I've been looking at some of the more recent IMF loans and the Wikipedia description of the one given to Romania appears to imply no reform conditions were attached to the loan:

While in January 2009, President Traian Băsescu said that the last thing Romania would do would be to sign an agreement with the IMF, his tone softened to agree an IMF monitorization (but without any conditions put on by the IMF) and eventually, Prime Minister Emil Boc signed the new agreement in June 2009, Boc arguing that the loan will be taken exclusively by the National Bank of Romania to consolidate its reserves.

The IMF and EU agreement gave Romania a 20 billion € line of credit of which the National Bank of Romania and the Romanian government took 17.9 billion € and which should be gradually returned by 2023, giving a total average interest of 15% (2.74 billion €).

So other than a non-trivial interest rate, that suggests there were no other structural/reform conditions which the IMF usually attaches to such loans. I've also read the IMF's press release on the 2009 loan to Romania, and I see no obvious mention of conditionality either. So, is it really the case that there were no reform conditions attached? (Romania was indeed already a EU member in 2009, but then so was Greece and the IMF surely was not (and still isn't) short of demanding structural reforms in the latter country...). And if the answer is a trivial "yes" in the case of Romania, were there similar no-condition loans given by the IMF to other countries in the immediate aftermath of the 2008 financial crisis? Or is Romania's case somewhat unique?

1 Answer 1


Apparently the answer is "no". There's a database with conditions attached to loans, and the 2009 Standby Agreement (SBA) with Romania had plenty of those, including pension (legislation) reform, reform of Romania's central tax collection agency (ANAF); these were present since the original May 2009 agreement. There were also some very specific conditions like "Eliminate by government ordinance the legal basis of stimulente funds, effective January 1, 2012" (I have no idea exactly what that refers to; that one was added in March 2011, so apparently the SBA was updated then with new conditions.) The entries in this database have some paragraph/article references that probably relate to text of the SBA, which I wasn't able to find just yet.
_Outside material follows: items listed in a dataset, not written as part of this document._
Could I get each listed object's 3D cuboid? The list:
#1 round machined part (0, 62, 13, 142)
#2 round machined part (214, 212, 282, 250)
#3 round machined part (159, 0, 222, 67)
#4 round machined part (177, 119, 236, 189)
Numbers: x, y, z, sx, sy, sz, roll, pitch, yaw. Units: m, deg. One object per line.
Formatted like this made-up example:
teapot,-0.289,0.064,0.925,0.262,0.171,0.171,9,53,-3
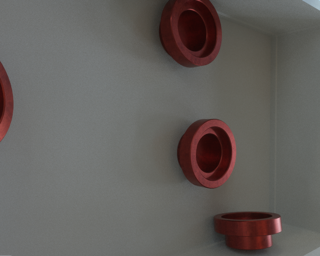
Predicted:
round machined part,-0.165,-0.025,0.237,0.098,0.042,0.097,-7,90,-75
round machined part,0.132,0.154,0.467,0.099,0.098,0.042,4,79,-40
round machined part,0.038,-0.132,0.427,0.099,0.042,0.097,0,90,-40
round machined part,0.063,0.036,0.448,0.099,0.042,0.097,0,90,-40
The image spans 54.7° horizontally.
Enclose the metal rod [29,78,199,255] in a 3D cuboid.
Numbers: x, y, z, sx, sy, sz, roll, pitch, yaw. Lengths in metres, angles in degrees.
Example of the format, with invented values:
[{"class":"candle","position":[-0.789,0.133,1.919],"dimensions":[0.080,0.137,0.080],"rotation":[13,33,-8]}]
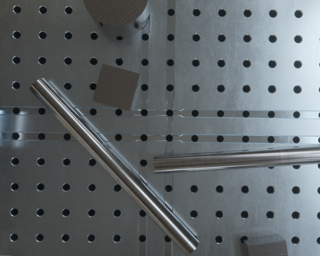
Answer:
[{"class":"metal rod","position":[-0.060,0.051,0.412],"dimensions":[0.025,0.025,0.300],"rotation":[-43,90,0]}]

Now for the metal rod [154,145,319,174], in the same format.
[{"class":"metal rod","position":[0.143,0.040,0.414],"dimensions":[0.302,0.025,0.025],"rotation":[-4,90,0]}]

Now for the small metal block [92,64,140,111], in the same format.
[{"class":"small metal block","position":[-0.057,-0.053,0.413],"dimensions":[0.050,0.025,0.050],"rotation":[15,90,0]}]

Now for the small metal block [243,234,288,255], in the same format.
[{"class":"small metal block","position":[0.142,0.174,0.415],"dimensions":[0.050,0.025,0.050],"rotation":[-9,90,0]}]

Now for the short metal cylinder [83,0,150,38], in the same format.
[{"class":"short metal cylinder","position":[-0.054,-0.163,0.400],"dimensions":[0.081,0.050,0.079],"rotation":[0,90,0]}]
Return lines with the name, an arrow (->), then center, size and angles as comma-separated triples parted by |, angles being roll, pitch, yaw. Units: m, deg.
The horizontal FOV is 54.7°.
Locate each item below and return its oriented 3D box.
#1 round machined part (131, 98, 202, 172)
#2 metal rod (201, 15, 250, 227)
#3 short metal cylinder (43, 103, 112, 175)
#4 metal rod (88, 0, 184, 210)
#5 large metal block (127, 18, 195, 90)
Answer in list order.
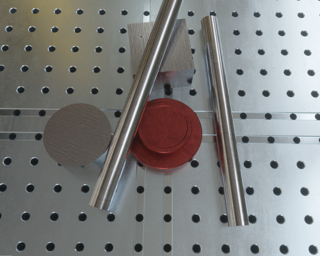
round machined part -> 0.006, 0.005, 0.401 | 0.099, 0.042, 0.098 | 0, 70, -1
metal rod -> 0.084, -0.023, 0.421 | 0.025, 0.025, 0.299 | -3, 70, -2
short metal cylinder -> -0.098, 0.015, 0.392 | 0.081, 0.050, 0.080 | 0, 70, 0
metal rod -> -0.023, -0.049, 0.381 | 0.025, 0.025, 0.299 | 18, 81, 6
large metal block -> 0.000, -0.101, 0.436 | 0.081, 0.050, 0.080 | -7, 70, -3
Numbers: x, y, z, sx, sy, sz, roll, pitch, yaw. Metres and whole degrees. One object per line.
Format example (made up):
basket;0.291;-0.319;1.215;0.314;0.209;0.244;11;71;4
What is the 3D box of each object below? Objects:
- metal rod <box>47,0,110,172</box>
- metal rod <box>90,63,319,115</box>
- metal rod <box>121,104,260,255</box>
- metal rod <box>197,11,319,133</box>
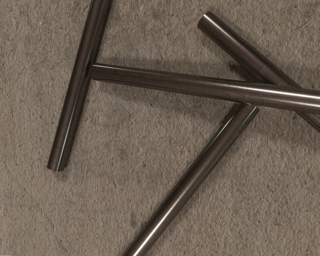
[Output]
metal rod;-0.113;-0.082;0.447;0.025;0.025;0.298;19;96;18
metal rod;0.043;-0.052;0.377;0.301;0.025;0.025;12;94;25
metal rod;0.024;0.090;0.399;0.025;0.025;0.299;39;102;15
metal rod;0.158;-0.032;0.353;0.300;0.025;0.025;45;104;14

Actually the IMF has its own ex-post assessment of the (2011) conditionality, which goes like:

Overall, program conditionality was less streamlined than in previous programs and increased over time, notably in the area of structural reforms

And it comes with this comparative graph, in which the 2009 SBA is also plotted, so it definitely wasn't free of conditionality, even if they didn't outline it in their press release:

enter image description here

And the ex-post of the 2013 Romania SBA has an even more interesting graph; Romania (despite the 2009's government/president discourse) eventually accepted even more structural conditions than Greece (which isn't to say that they were necessarily comparable in intensity):

enter image description here

I guess there's a substantial lack of manpower in updating Wikipedia.
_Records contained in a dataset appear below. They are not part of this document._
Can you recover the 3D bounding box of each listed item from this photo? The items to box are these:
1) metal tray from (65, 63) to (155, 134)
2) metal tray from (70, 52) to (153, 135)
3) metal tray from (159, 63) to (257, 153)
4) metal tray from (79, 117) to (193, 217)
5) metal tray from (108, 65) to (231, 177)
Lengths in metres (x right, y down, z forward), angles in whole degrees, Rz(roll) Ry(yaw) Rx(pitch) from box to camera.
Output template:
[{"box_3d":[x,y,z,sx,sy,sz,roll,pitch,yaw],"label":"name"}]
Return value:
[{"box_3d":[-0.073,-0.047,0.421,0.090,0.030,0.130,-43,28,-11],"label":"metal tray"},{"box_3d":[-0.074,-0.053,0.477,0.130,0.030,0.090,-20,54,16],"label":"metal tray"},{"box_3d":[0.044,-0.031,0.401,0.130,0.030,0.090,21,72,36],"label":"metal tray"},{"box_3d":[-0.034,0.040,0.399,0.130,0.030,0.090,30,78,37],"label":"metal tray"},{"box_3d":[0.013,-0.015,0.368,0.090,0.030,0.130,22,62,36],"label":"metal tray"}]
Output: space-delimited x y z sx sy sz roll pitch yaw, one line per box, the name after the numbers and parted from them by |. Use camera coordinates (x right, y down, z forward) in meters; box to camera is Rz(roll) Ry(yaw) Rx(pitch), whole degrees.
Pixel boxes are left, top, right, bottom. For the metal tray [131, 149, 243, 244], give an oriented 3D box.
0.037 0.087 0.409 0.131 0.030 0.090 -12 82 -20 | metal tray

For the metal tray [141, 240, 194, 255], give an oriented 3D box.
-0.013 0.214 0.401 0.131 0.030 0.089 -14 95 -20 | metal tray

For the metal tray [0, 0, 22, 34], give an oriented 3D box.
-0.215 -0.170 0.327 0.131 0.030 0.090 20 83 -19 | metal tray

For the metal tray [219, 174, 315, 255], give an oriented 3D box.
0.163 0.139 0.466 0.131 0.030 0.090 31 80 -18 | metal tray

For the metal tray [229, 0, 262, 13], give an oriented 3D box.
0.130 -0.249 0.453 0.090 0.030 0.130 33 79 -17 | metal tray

  • +1. I would promote the answer to a simple "no". I remember that over the years local media covered IMF visits and agreements. Each time some politicians complained about the "draconian" conditions of these agreements.
    – Alexei
    Commented Jul 29, 2018 at 19:06
  • @Alexei: a bit of searching found a 2010 story in English along the lines you mention, but I am a bit skeptical of the source's neutrality marxist.com/strikes-protest-against-austerity-in-romania.htm Maybe it was covered in other English publications, but I didn't notice it. Commented Jul 29, 2018 at 19:11
  • 2
    check this article: Rising public spending on wages and pensions in 2008 and 2009 was one of the main causes of huge budgetary constraints of Romania during the financial crisis, which ultimately led to the EUR 20 billion salvage-loan (..) 2009 (IMF, the European Commission and the World Bank) and to public wages’ cut by 25 percent in 2010.